Le rêve a duré sept minutes, le temps pour l’arrière ''local'' Sam Tomkins de libérer d’une main un ballon qui ouvrait la porte de l’essai en coin à son ailier, Josh Charnley. Du bord de touche, Kevin Sinfield a égalisé (6-6) et la machine anglaise s'est mise en marche. C’est par les extérieurs que l’attaque anglaise a pris la mesure de la défense française, débordée. Deux doublés des ailiers Charnley et Hall ont meublé le tableau d’affichage. 22-6 à la mi-temps, les Bleus pouvaient regretter les dix dernières minutes passées dans le camp anglais sans inscrire le moindre point.

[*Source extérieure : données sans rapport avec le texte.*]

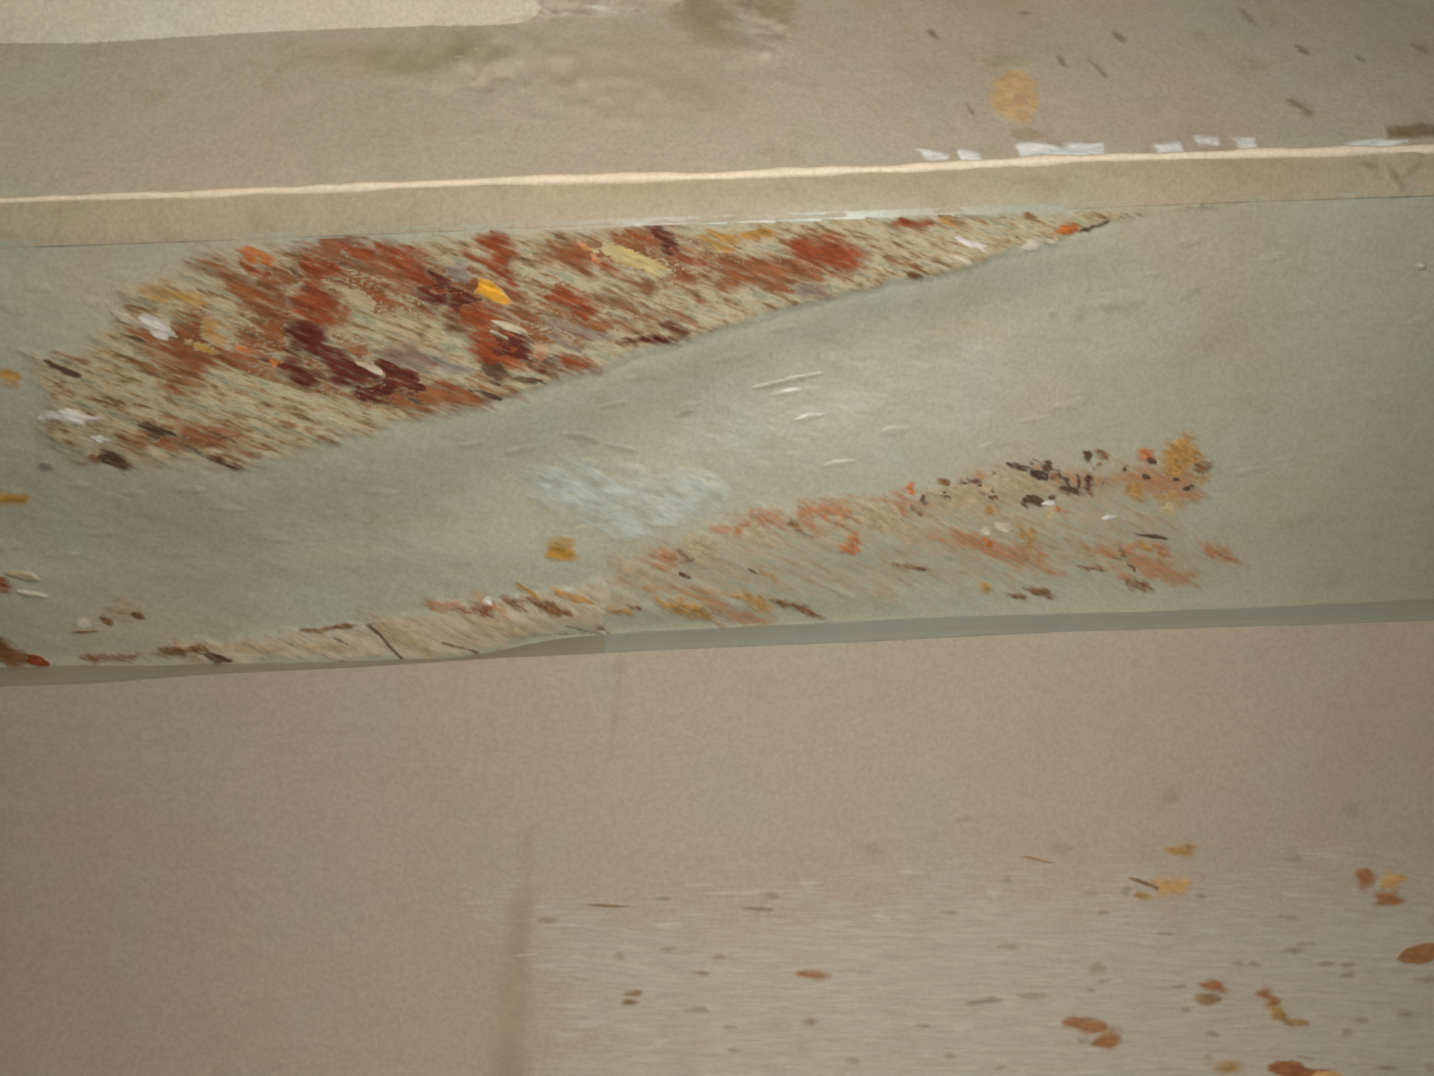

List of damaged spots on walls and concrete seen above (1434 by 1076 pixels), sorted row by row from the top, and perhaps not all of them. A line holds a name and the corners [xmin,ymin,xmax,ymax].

corrosion [978,50,1048,142]
corrosion [534,429,1253,636]
corrosion [0,562,49,606]
corrosion [0,625,57,667]
corrosion [1132,838,1206,906]
corrosion [1342,861,1415,911]
corrosion [1392,939,1434,967]
corrosion [1186,974,1315,1034]
corrosion [1055,1009,1129,1058]
corrosion [1206,1051,1348,1076]
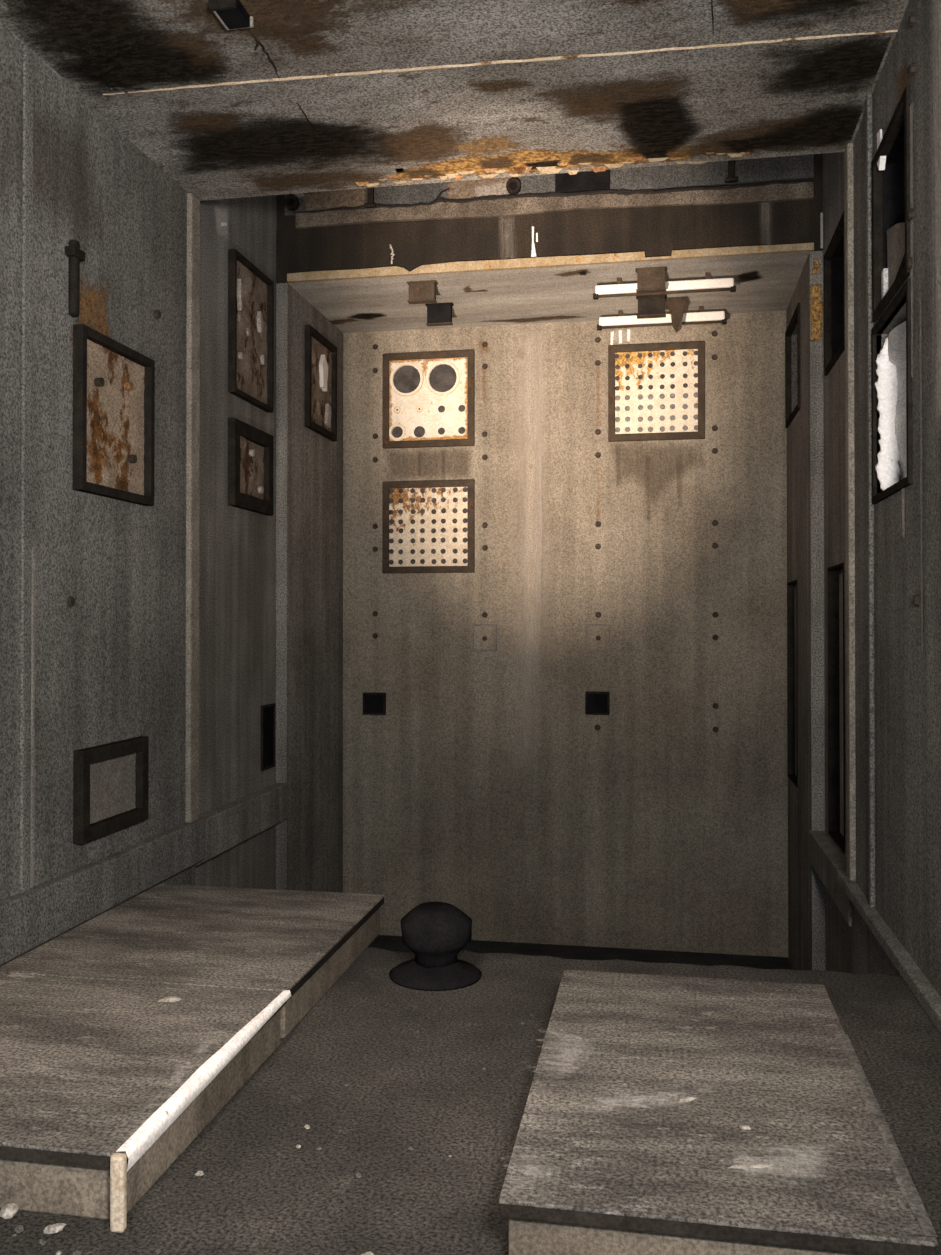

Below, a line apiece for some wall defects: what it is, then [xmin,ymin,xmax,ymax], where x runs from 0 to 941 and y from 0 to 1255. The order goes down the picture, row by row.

water stain [724,0,871,24]
water stain [6,0,418,100]
crack [252,36,280,78]
water stain [471,36,891,156]
water stain [171,112,462,174]
corrosion [254,136,700,192]
water stain [737,271,761,282]
water stain [910,0,941,653]
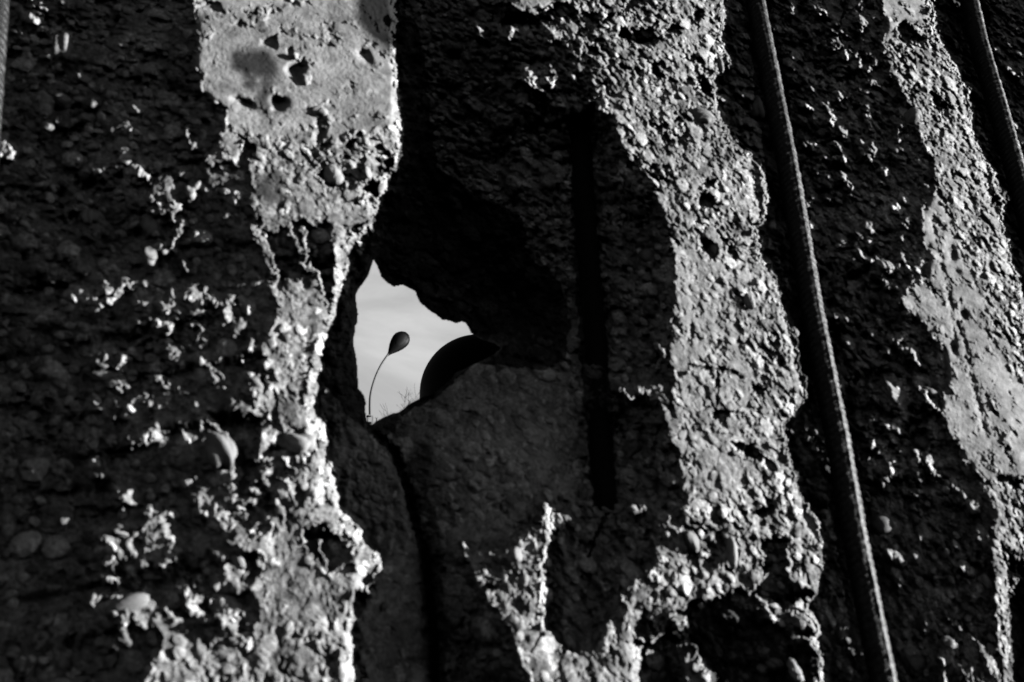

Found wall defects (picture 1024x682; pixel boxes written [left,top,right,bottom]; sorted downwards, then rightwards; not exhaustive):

La deuxième période n'a pas été le cavalier seul espéré par les Anglais. Les Français, courageux, ont défendu leur camp avec abnégation, encaissant deux essais supplémentaires, signés O’Loughlin (48e) et Farres (76e)... et en ratant malheureusement une paire. Les Anglais se sont qualifiés pour les demies, où ils affronteront les Kiwis néo-zélandais, samedi à Wembley. Pour les Français, l’honneur est sauf, même s’ils peuvent nourrir quelques regrets.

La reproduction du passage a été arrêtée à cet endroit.